Un tempo gli aristocratici e gli intellettuali russi coltivavano il sogno di un viaggio in Italia, patria dell’arte e della civiltà classica.
“Ogni artista russo ha il diritto…di vedere la sua seconda patria, l’Europa e l’Italia in particolar modo” scriveva A. Blok, raffinato poeta di inizio secolo, alla madre, nel 1909. Non a caso Lev Tolstoj ambienta in una piccola città italiana il periodo più felice della passione fra Anna Karenina e il conte Vronskij. Lo stesso libro che Blok sfoglia nei primi mesi del 1909, alla vigilia della partenza.
Aleksandr Blok, nato a San Pietroburgo nel 1880, già a ventinove anni è l’anima del simbolismo russo. Un movimento di cui reclama l’assoluta originalità rispetto a quello francese: “Una corrente letteraria che per una coincidenza del caso porta lo stesso nome…di una certa corrente letteraria francese, ma che è organicamente legata alla religione, alla filosofia, e ai problemi sociali…” dichiarò.
Lo accompagna la moglie Ljuba, figlia di Mendeleev, il famoso scienziato che aveva stabilito la ‘classificazione periodica’ degli elementi, attrice nella compagnia di Mejerchol’d, genio della scena, fucilato a Mosca il 2 febbraio 1940.
Sono entrambi molto belli. Nina Berberova, che li conobbe prima dell’emigrazione in Occidente, descrive Ljuba: “Alta, bellissima, con lunghi capelli dorati, gli occhi grigi, le sopracciglia nere e la carnagione bianca e rosea”. Aleksandr, a sua volta, è un uomo alto e sottile dal viso pensoso e impenetrabile, capelli ricci e fini, occhi chiari, un portamento aristocratico, che alcuni giudicano troppo altezzoso.
Si conoscono da sempre. Il nonno di Blok è collega di Mendeleev. Da ragazzi recitano insieme l’Amleto. Lei è Ofelia.

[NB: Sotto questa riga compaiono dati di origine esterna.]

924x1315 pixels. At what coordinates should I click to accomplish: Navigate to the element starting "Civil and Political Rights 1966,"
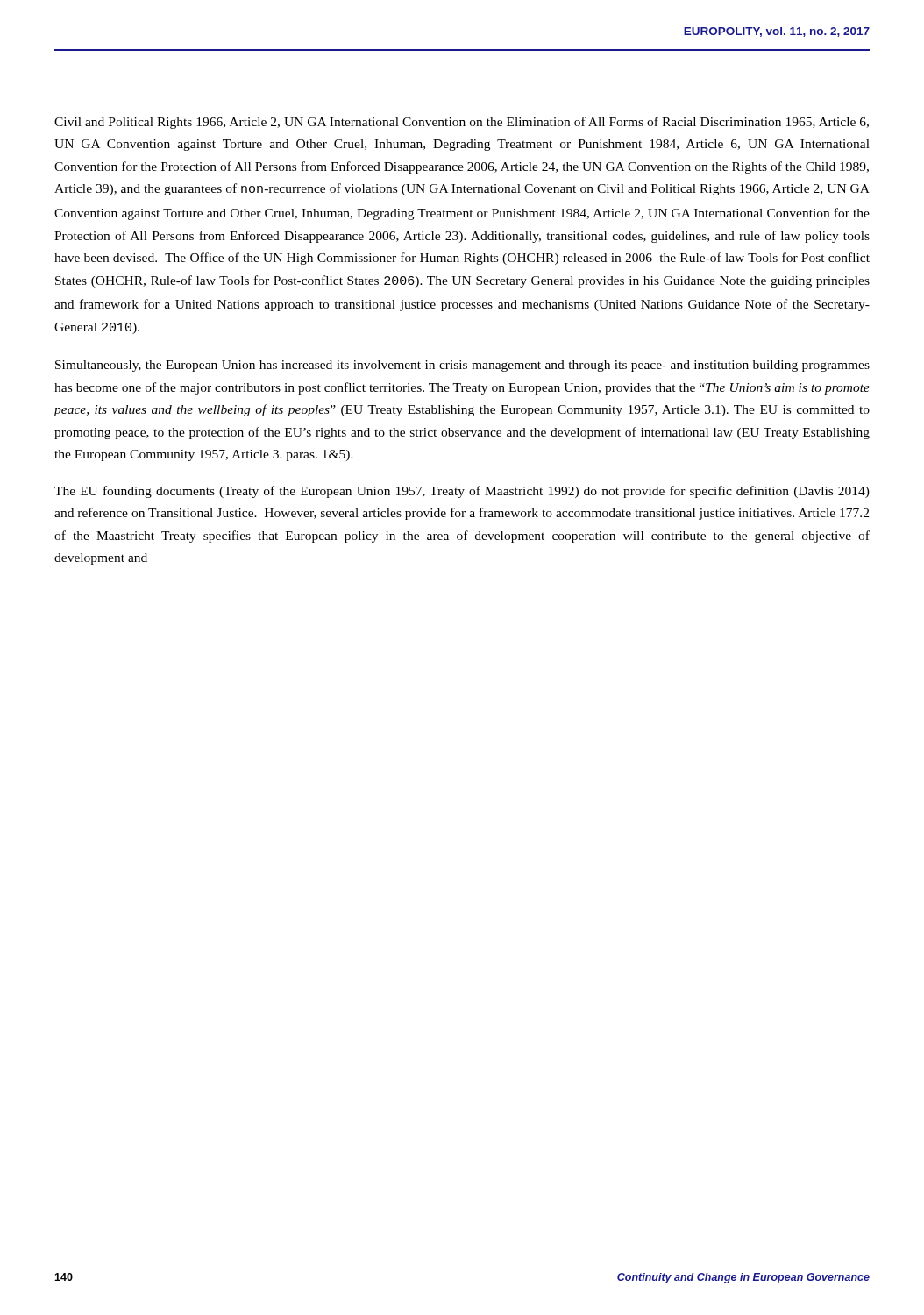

Ma l’amore nasce durante la stesura, fra il 1901 e il 1904, dei “Versi sulla Bellissima Dama”, in cui immagina che il poeta-filosofo Solov’ëv, in veste di ‘cavaliere–monaco’, lotti contro il caos e la follia per liberare l’Anima del Mondo, sull’esempio dell’amore mistico di Dante e Petrarca. Durante una passeggiata Blok incontra Ljuba, nuova Beatrice, e commenta che l’Anima “è venuta a me nella sua forma terrestre, …non solo un’esaltazione profetica, ma anche un amore umano”.
Famosissimo in patria, ogni nuova raccolta è un avvenimento per i salotti letterari di San Pietroburgo e di Mosca. Ma all’estero è uno sconosciuto, soprattutto in Italia dove prima della Rivoluzione d’Ottobre la cultura russa è praticamente ignorata. La sua apparizione nella penisola passa inosservata. Le sue opere approderanno da noi non prima del 1920, quasi alla vigilia della morte, avvenuta nell’agosto del 1921, per l’aggravarsi della sifilide e di una miriade di altri mali che avevano per comune denominatore le spaventose condizioni alimentari e igieniche di quegli anni di guerra civile in Russia.
La fama italiana è legata in particolar modo al poemetto ‘I dodici’, composto nel gennaio del 1918: un inno alla rivoluzione, che apre la strada a tutta la poesia rivoluzionaria successiva e a Majakovskij in particolare. L’Ottobre russo come evento rigeneratore da cui sarebbe scaturito un nuovo tipo umano: “l’uomo…si riorganizza in artista, per parlare col linguaggio di Wagner”. Dodici apostoli-guardie rosse, assieme ai quali marcia un Gesù Cristo la cui evocazione non piacque a Lunačarskij e a Trockij, che gli suggerirono di sostituirlo con Lenin. Di quest’opera si ebbero in Italia, nel 1920, ben tre versioni e ancora oggi è quella più tradotta nel nostro paese. Sempre nel 1920 ne uscirono alcuni estratti sulla rivista ‘Russia’, fondata dall’allora giovane studioso di letterature slave Ettore lo Gatto.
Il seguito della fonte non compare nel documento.